INFORMATION GIVEN -
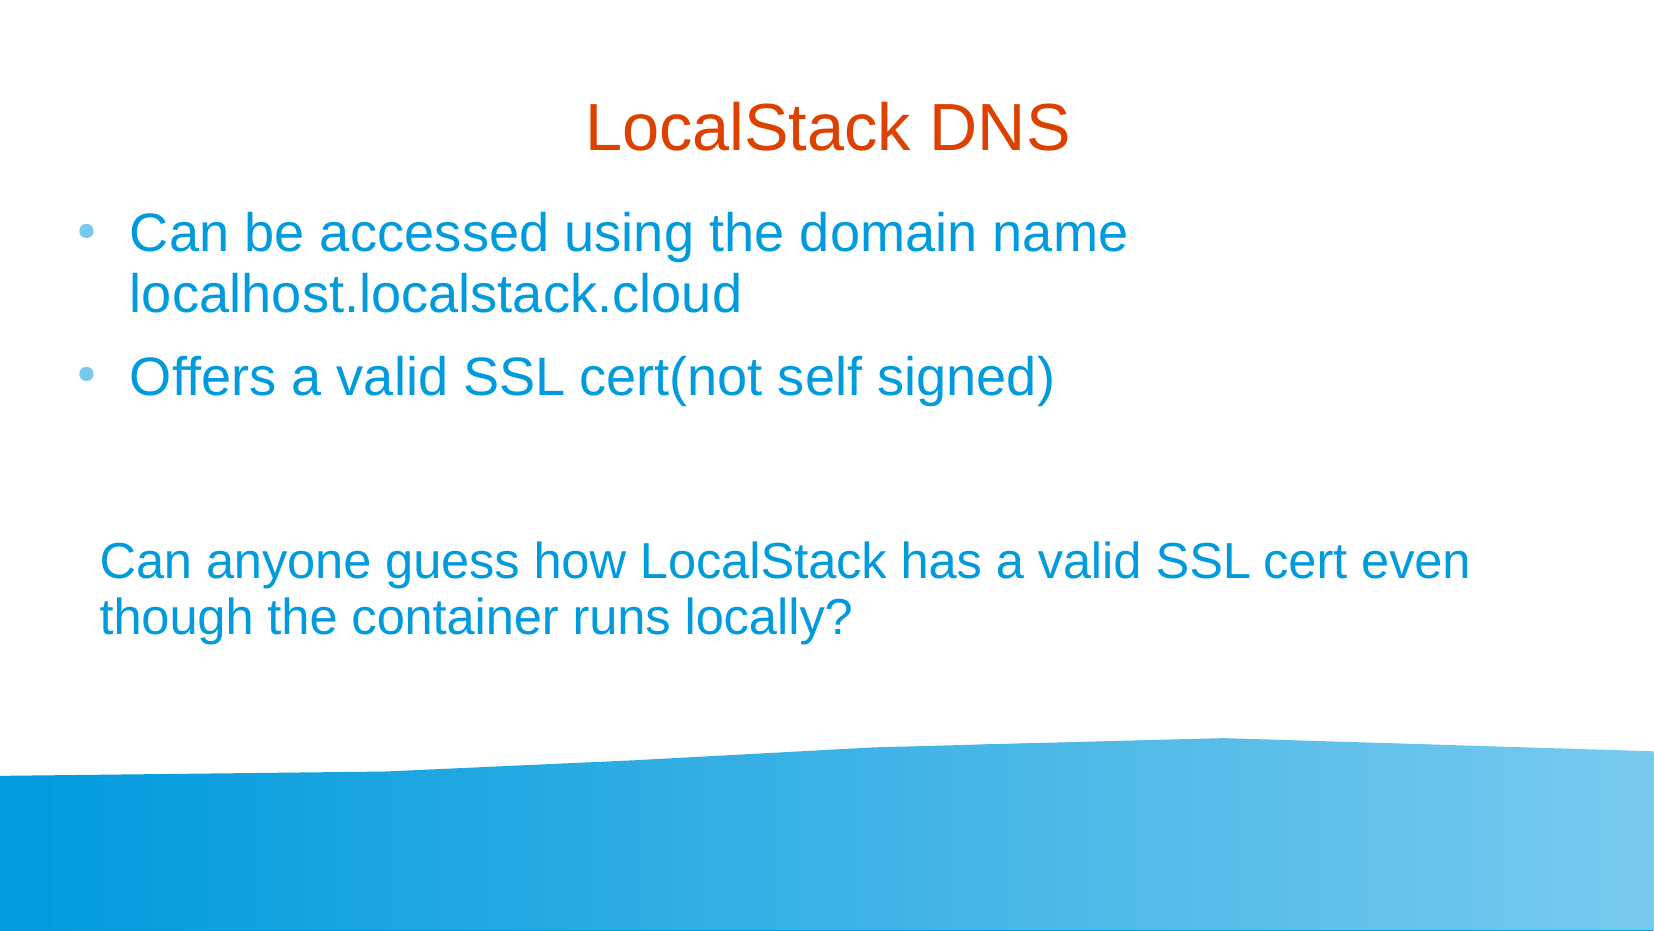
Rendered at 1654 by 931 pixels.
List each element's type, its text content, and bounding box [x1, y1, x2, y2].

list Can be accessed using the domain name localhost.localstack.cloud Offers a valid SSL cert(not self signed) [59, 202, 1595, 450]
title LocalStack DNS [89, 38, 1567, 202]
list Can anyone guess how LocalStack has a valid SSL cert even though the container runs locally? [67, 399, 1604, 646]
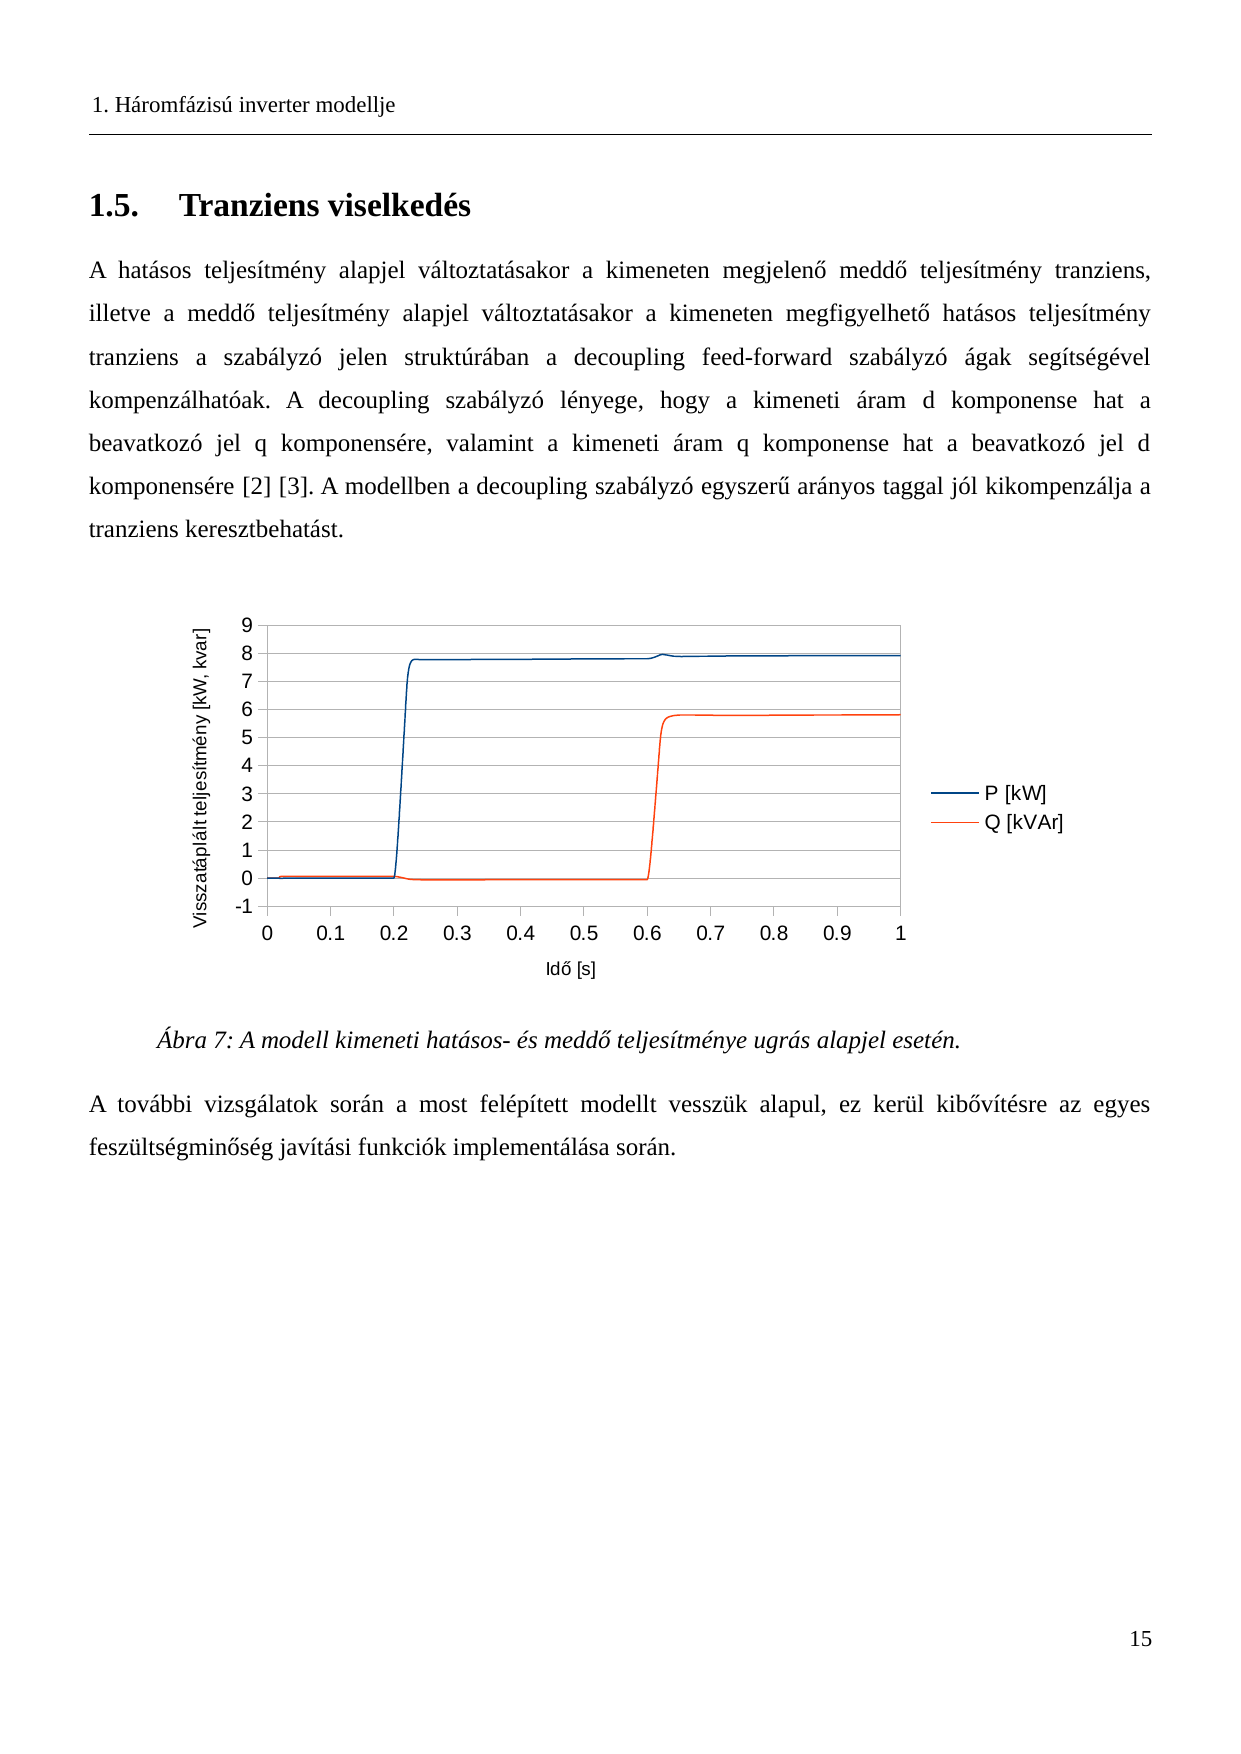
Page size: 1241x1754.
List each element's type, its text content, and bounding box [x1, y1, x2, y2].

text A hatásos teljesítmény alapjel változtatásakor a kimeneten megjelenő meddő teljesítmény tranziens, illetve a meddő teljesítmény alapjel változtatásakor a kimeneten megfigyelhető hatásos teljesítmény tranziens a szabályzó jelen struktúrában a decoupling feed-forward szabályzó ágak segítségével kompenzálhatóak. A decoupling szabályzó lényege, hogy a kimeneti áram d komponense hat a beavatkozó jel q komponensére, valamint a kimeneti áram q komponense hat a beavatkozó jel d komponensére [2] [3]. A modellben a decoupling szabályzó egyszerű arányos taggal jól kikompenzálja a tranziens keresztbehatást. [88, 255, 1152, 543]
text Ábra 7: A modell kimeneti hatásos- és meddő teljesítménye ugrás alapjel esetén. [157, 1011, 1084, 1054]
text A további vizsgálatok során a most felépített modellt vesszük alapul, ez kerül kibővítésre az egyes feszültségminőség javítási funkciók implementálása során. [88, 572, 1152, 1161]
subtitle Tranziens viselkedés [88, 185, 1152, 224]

TASK INSTRUCTIONS - With the pictures set aside, write out the whole listing exactly.

SOLUTION TO THIS TASK -
Rendered at 1654 by 931 pixels.
List each element's type, its text content, and bounding box [x1, y1, x2, y2].

list Can be accessed using the domain name localhost.localstack.cloud Offers a valid SSL cert(not self signed) [59, 202, 1595, 450]
title LocalStack DNS [89, 38, 1567, 202]
list Can anyone guess how LocalStack has a valid SSL cert even though the container runs locally? [67, 399, 1604, 646]
Page size: 1241x1754.
List each element's type, its text content, and bounding box [x1, y1, x2, y2].

text A hatásos teljesítmény alapjel változtatásakor a kimeneten megjelenő meddő teljesítmény tranziens, illetve a meddő teljesítmény alapjel változtatásakor a kimeneten megfigyelhető hatásos teljesítmény tranziens a szabályzó jelen struktúrában a decoupling feed-forward szabályzó ágak segítségével kompenzálhatóak. A decoupling szabályzó lényege, hogy a kimeneti áram d komponense hat a beavatkozó jel q komponensére, valamint a kimeneti áram q komponense hat a beavatkozó jel d komponensére [2] [3]. A modellben a decoupling szabályzó egyszerű arányos taggal jól kikompenzálja a tranziens keresztbehatást. [88, 255, 1152, 543]
text Ábra 7: A modell kimeneti hatásos- és meddő teljesítménye ugrás alapjel esetén. [157, 1011, 1084, 1054]
text A további vizsgálatok során a most felépített modellt vesszük alapul, ez kerül kibővítésre az egyes feszültségminőség javítási funkciók implementálása során. [88, 572, 1152, 1161]
subtitle Tranziens viselkedés [88, 185, 1152, 224]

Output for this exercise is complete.